[Start of section]
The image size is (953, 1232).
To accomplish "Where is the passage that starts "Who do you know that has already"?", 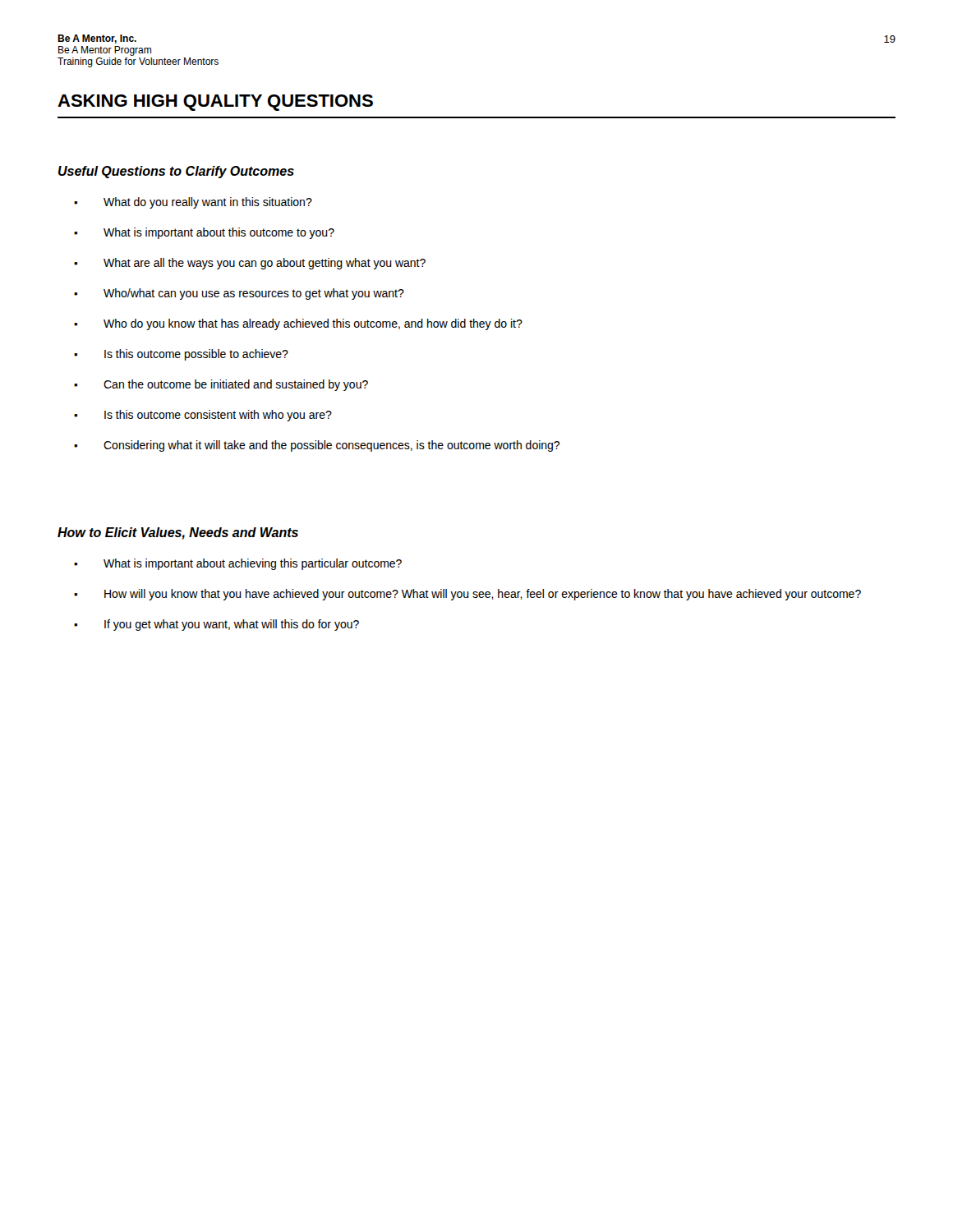I will [x=476, y=324].
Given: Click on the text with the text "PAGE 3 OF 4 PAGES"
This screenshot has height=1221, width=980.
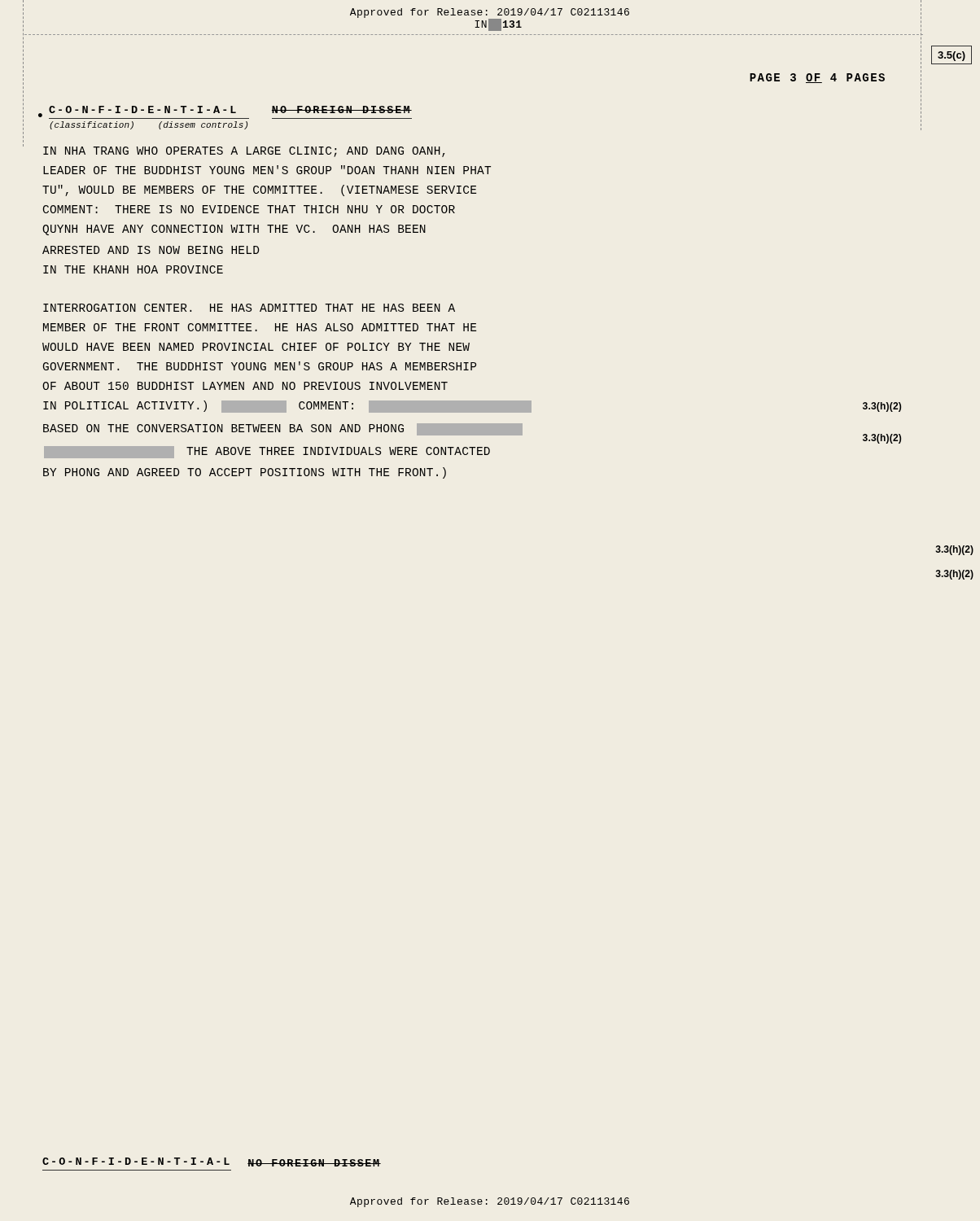Looking at the screenshot, I should click(818, 78).
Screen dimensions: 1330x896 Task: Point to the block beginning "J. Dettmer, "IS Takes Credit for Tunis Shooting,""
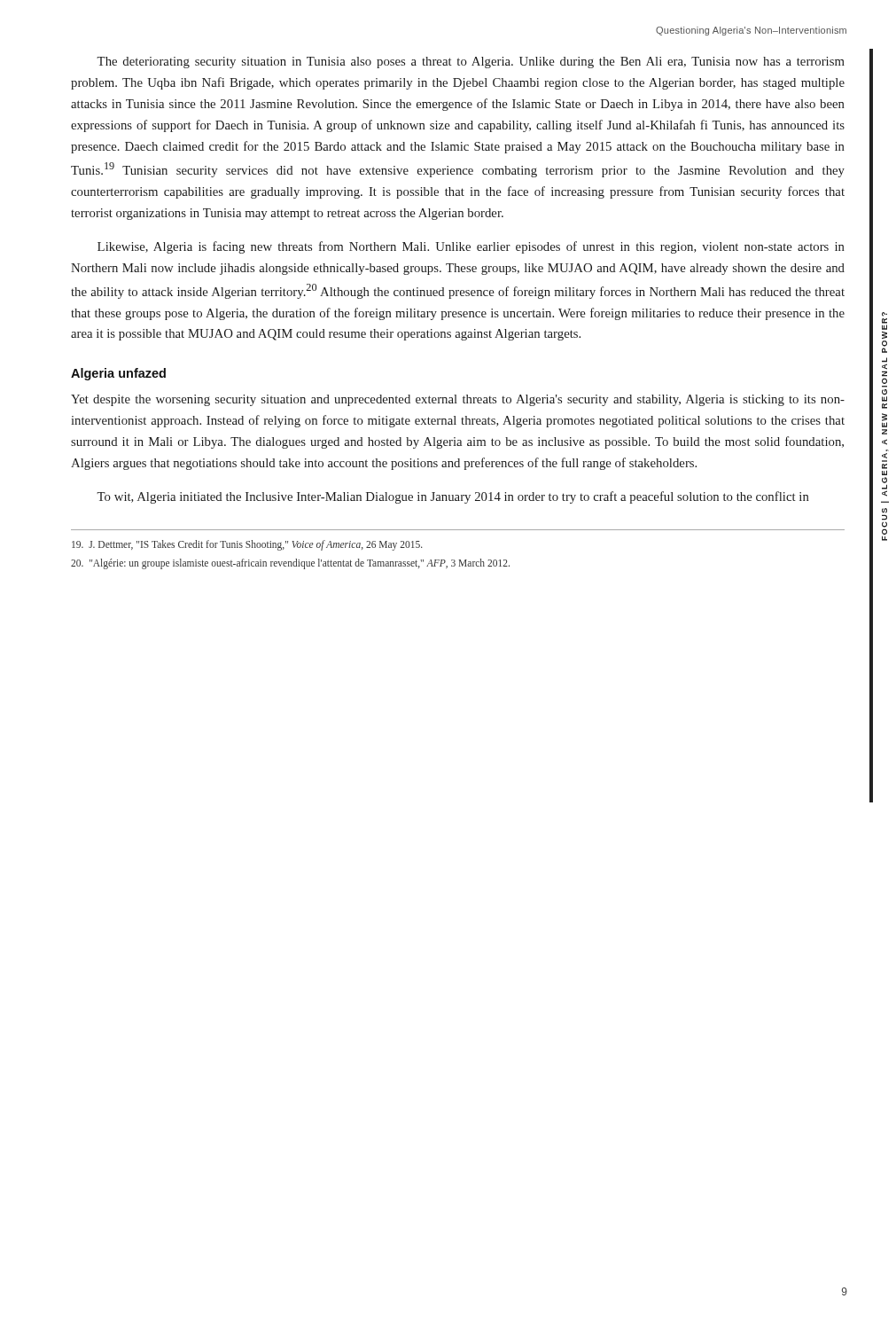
[End of section]
* Assigned task *
In the records above, find the line containing "Given: Click on", then write out exactly that line and every later one through the last, omitting pictures.

* Answer to this problem *
Given: Click on the text with the text "PAGE 3 OF 4 PAGES"
This screenshot has height=1221, width=980.
Looking at the screenshot, I should click(818, 78).
Screen dimensions: 1330x896 Task: Point to the block beginning "J. Dettmer, "IS Takes Credit for Tunis Shooting,""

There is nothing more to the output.